• [Problem details] Pull every "percussion" line out of the data below.

----

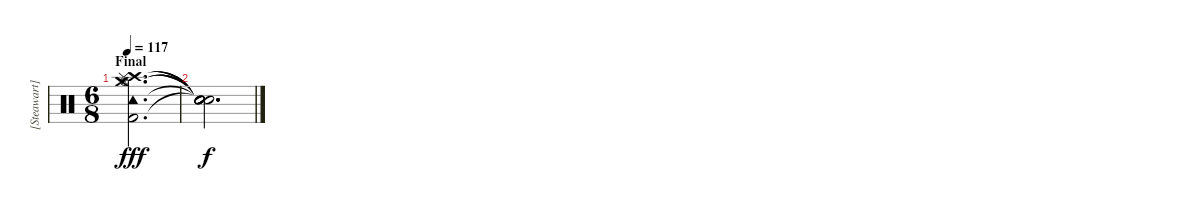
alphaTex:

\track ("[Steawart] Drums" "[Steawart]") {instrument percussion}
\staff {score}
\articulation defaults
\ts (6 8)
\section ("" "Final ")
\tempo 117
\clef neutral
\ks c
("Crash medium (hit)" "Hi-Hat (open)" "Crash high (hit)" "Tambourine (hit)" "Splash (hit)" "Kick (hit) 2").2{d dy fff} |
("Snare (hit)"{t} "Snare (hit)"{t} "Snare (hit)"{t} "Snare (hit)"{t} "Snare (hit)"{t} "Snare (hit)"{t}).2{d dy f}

----

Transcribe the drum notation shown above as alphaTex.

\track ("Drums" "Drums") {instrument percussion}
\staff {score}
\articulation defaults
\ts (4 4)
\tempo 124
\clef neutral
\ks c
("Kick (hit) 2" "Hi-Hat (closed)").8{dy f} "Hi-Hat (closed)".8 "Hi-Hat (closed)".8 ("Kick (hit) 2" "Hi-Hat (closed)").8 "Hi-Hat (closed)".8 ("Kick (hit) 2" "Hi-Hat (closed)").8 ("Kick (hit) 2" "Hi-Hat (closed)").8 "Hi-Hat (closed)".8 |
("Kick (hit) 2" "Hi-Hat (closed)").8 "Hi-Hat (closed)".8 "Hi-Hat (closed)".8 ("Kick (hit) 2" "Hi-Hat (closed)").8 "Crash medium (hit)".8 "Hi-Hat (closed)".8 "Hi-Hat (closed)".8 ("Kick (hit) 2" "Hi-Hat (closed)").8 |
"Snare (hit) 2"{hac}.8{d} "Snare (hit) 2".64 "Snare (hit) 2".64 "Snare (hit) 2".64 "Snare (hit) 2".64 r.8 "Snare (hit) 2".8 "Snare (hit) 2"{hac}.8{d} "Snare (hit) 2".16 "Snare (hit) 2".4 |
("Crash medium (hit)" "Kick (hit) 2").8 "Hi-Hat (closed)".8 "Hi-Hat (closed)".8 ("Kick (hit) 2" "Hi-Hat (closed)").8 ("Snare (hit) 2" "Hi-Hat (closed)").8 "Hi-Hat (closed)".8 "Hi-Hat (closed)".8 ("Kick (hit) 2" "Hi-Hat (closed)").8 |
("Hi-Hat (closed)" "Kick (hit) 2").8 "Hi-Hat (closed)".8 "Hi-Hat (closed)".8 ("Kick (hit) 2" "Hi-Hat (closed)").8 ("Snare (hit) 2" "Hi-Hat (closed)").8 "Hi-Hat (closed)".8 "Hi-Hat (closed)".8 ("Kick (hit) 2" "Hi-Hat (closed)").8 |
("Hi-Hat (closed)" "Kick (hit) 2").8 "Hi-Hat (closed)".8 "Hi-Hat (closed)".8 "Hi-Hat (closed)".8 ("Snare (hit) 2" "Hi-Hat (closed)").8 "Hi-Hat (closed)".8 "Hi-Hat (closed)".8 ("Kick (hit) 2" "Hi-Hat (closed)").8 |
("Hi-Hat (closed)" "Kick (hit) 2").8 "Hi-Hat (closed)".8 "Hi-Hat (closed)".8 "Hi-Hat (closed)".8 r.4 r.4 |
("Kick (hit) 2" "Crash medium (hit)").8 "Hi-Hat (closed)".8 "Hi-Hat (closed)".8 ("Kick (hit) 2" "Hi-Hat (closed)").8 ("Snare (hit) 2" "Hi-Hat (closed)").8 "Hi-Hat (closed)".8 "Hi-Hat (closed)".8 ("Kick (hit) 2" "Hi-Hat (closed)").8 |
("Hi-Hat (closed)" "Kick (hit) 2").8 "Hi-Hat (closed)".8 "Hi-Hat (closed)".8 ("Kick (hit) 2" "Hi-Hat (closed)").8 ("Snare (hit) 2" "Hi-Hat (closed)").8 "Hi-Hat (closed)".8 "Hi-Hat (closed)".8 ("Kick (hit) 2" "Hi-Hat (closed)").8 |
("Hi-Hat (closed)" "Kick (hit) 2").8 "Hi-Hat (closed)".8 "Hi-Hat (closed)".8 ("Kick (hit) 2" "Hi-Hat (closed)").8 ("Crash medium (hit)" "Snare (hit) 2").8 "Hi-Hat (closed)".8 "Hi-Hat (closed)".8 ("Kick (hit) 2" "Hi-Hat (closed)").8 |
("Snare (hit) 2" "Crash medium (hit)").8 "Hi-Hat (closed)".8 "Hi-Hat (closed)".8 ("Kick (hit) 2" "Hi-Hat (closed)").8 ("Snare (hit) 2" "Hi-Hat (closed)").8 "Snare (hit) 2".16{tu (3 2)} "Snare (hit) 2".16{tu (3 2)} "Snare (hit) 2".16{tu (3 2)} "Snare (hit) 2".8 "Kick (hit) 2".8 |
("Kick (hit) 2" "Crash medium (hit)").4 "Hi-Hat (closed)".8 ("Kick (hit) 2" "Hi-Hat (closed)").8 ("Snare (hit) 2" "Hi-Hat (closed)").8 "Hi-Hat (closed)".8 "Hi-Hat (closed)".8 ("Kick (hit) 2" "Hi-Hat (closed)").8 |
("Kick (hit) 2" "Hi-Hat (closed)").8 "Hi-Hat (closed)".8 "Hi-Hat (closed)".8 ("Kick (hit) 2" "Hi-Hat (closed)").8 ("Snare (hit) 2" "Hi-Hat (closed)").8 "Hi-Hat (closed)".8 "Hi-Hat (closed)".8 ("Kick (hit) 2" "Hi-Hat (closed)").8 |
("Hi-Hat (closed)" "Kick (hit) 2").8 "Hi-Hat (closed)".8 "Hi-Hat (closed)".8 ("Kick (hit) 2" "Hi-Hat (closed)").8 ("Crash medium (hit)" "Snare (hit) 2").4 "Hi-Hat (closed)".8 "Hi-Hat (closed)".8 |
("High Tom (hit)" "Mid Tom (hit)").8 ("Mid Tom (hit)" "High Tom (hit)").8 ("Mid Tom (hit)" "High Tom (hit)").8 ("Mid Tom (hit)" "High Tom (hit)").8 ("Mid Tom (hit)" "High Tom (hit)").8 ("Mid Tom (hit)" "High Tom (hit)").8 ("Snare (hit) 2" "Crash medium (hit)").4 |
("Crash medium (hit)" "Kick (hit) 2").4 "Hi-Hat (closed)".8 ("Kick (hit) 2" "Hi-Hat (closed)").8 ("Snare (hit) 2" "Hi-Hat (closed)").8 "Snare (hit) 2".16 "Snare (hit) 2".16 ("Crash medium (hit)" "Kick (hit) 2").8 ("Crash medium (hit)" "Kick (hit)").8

----

• [Result of this exercise]
\track ("[Steawart] Drums" "[Steawart]") {instrument percussion}
\track ("Drums" "Drums") {instrument percussion}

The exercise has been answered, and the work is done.